When considering the difference in navigation times in terms of raw seconds, the improvement from standard to augmented may not seem particularly impactful, with a mean difference of 5.6 s. However, faster procedure times with statistically significant consistency are indicative of a superior sense of surgeon orientation within the operational space, as well as a higher degree of comfort with the tools and task. Given the aforementioned limitations of the skull phantoms, particularly the obstructive effect of the polystyrene beads, it is not unreasonable to expect a greater time difference under more realistic conditions.
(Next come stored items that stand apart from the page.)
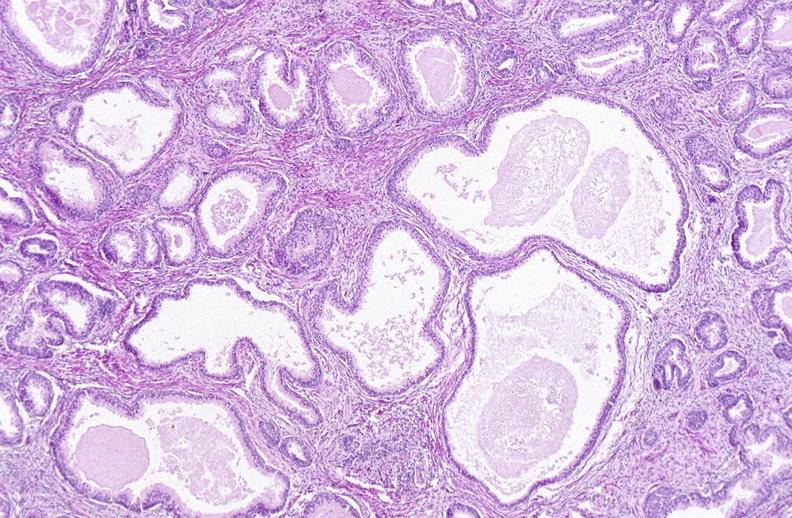what does this image show?
Answer the question using a single word or phrase. Prostate 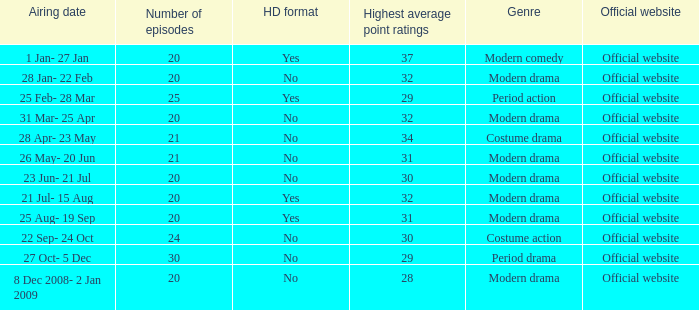What was the airing date when the number of episodes was larger than 20 and had the genre of costume action? 22 Sep- 24 Oct. 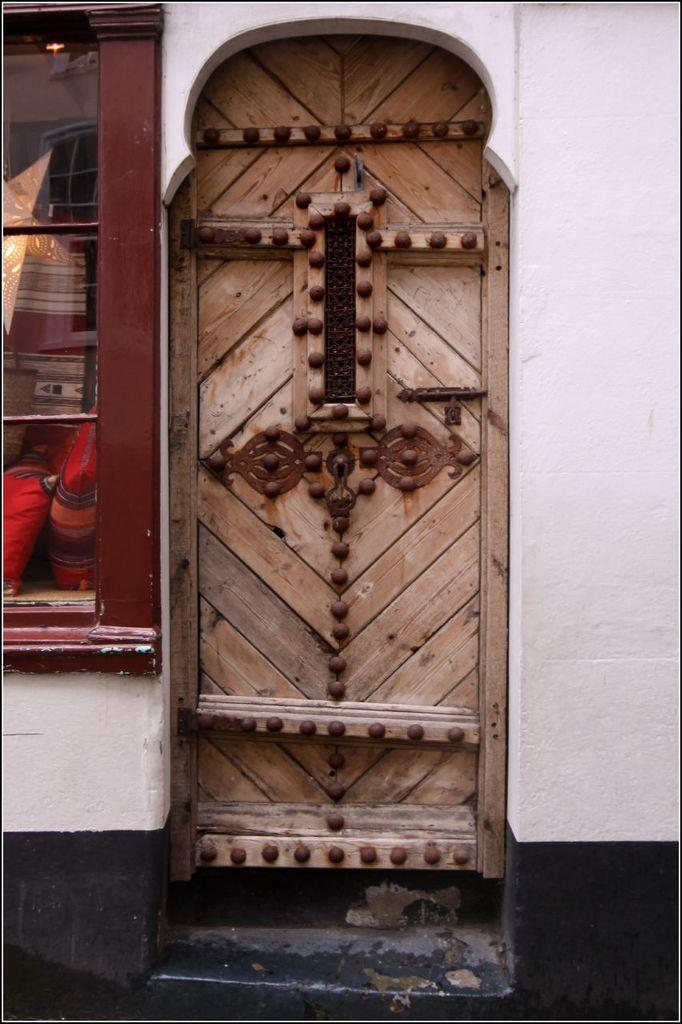What type of door is visible in the image? There is a wooden door in the image. What material is used for the window on the left side of the image? The window on the left side of the image is made of glass. What type of prose can be seen on the door in the image? There is no prose present on the door in the image; it is a wooden door. What color is the umbrella in the image? There is no umbrella present in the image.

While the implementation of video augmentation in this experiment was limited to a simple indication of the direction to a target, the mapping of 3D space to 2D space allows for the incorporation of much more sophisticated visualization displays. Such possibilities include nonlinear preoperatively planned surgical paths and overlaid soft tissue structures, using 3D points generated from existing orbital soft tissue image segmentation algorithms.29,30 So long as care is taken to avoid overwhelming the display with extraneous visual information by constantly obtaining surgeon feedback, this technology could considerably simplify retrobulbar access and enable safe, repetitive therapeutic interventions.
V. CONCLUSIONS
The delicate anatomy of the orbital space requires any intervention to be precise and clearly directed, with minimal superfluous motion to avoid inflicting damage to the patient. While standard image guidance provides critical information regarding instrument location and surrounding anatomy, the typical interface of three orthogonal image planes leaves an awareness gap in terms of orientation and trajectory, particularly when the endoscopic viewing field is occluded by blood or tissue. This additional information can be provided with video augmentation. In this series of anthropomorphic phantom experiments, we have demonstrated that both target identification accuracy and interventional procedure time are improved when image guidance is used in conjunction with video augmentation.
ACKNOWLEDGMENTS
The authors would like to thank the various physicians who volunteered their time for this experiment, Dahl Irvine and the Vanderbilt CT technicians for their help with imaging, and Tom Pheiffer, Yifei Wu, and Rebekah Conley for their assistance with calibrations. This work was supported in part by the Research to Prevent Blindness Physician Scientist Award, the Unrestricted Grant from Research to Prevent Blindness to the Vanderbilt Eye Institute, and the National Institutes of Health under Grant R21 RR025806.